Testimonies from around the Commonwealth
The Rev Lydia Kitayimbwa a lecturer at Uganda Christian University writes: “In 2007 Queen Elizabeth II visited Uganda. She opened the Commonwealth Head of Government Meet (CHOGM). Upon arrival, she greeted and waved to many with the famous Queen’s wave accompanied with a smile which were imitated by many of us (young ladies). We looked forward to watching and listening to the Queen. We admired everything about her including her colourful and matching fashions. She has been an icon of peace, stability, service, beauty and faithfulness.”
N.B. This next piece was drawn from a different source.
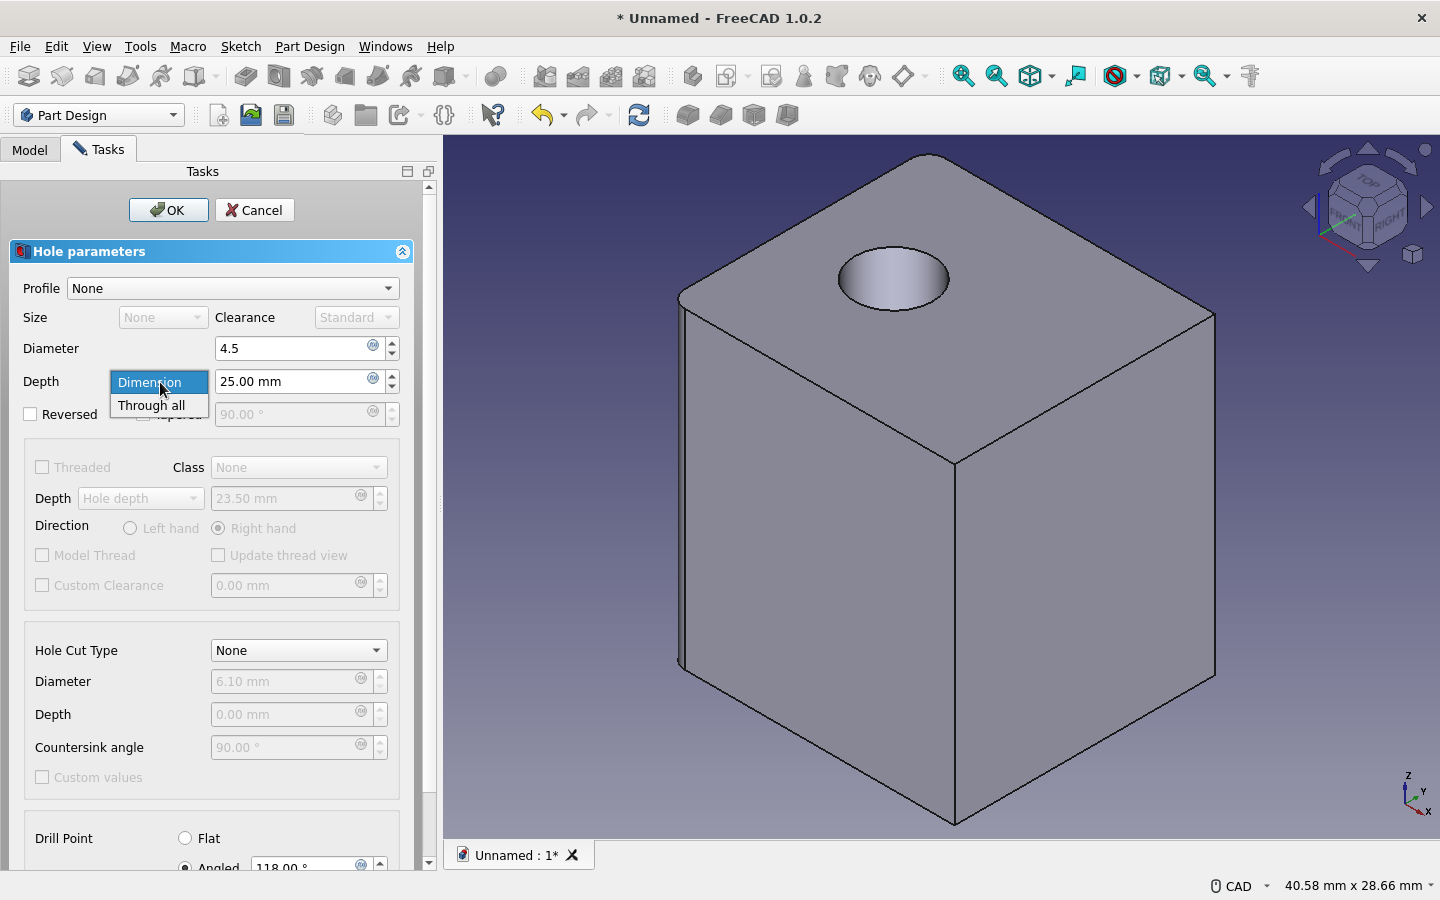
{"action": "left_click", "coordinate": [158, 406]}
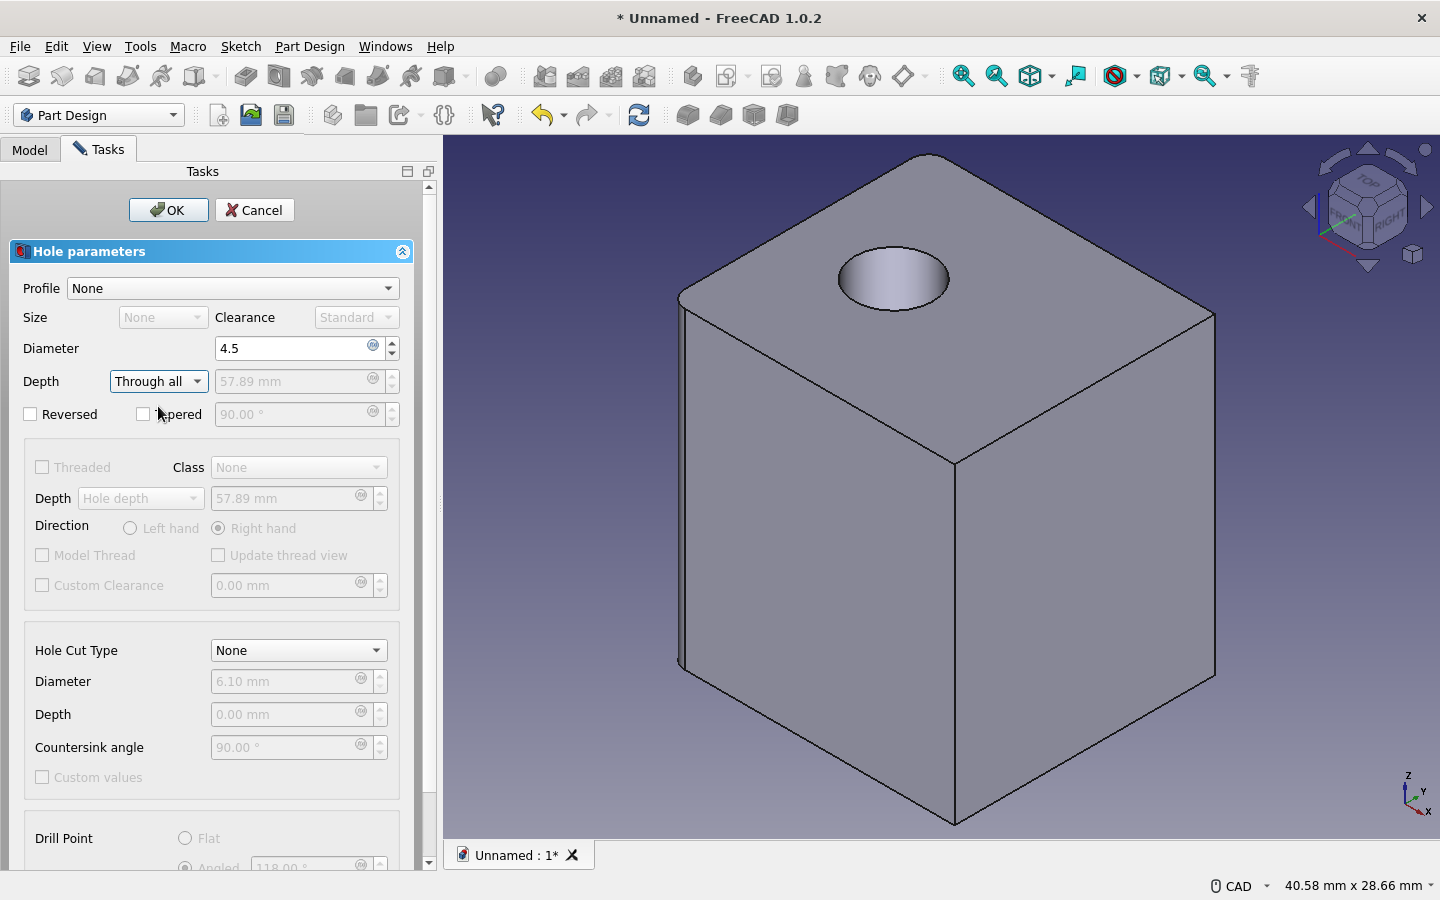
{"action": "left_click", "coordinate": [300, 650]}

Dr Clayton Peel, from Zimbabwe, Senior Lecturer in Communication Studies at Namibia University of Science and Technology has commented: “By her personality and stature the Commonwealth has grown. This growth has taken place when many post-colonial nations did not want to be linked with their colonial past. The fact that the Commonwealth retains credibility is a tribute to the Queen. British Prime Ministers come and go. Some are less popular with the non-European oriented members. David Cameron said at a Commonwealth Heads of Government Meeting that British Aid would depend on nations instituting a range of gay rights. He was robustly repelled on that matter. The Queen has stature and has been held in profound respect. A few odd people hold her responsible for the colonial excesses. But the fact that the Commonwealth is still in being is testament to her contribution. She related with the other heads of state with dignity. His Majesty Charles III will do well to maintain this good rapport.”
Archbishop Ben Kwashi of Jos, Nigeria has written: “I was one year old when she came to Jos and worshipped in St. Piran’s Anglican Church on the Plateau Jos, 1956. I have grown up all my life to always know and call the monarch Queen. As part of the Commonwealth she has been one we love, admire and respect for her faith in Christ, a courageous leader and mother of nations, a wise counsellor and a promise keeper to her office. She was a minister of love who built and joined an unbreakable chain of relationships throughout the world. A true mother of nations !”
She saw herself not as a ruler but as one who was ruled by God. She knew there is only one ruler, the God and Father of Jesus Christ. She said in August 2022 “Throughout my life, the message and teachings of Christ have been my guide and in them I find hope.” She saw herself as a representative of that rule. So her consecration to her identity as monarch, her faith, her regular attendance at church were a major expression of and resource for what she saw as her calling to serve her people. She demonstrated that she herself lived under a different law, the law of God who wants everyone to love their neighbour as He loves them.
Can secular journalists and commentators ever understand this? History will be much kinder to her than some of the anti-colonial and anti-empire commentators in the west today.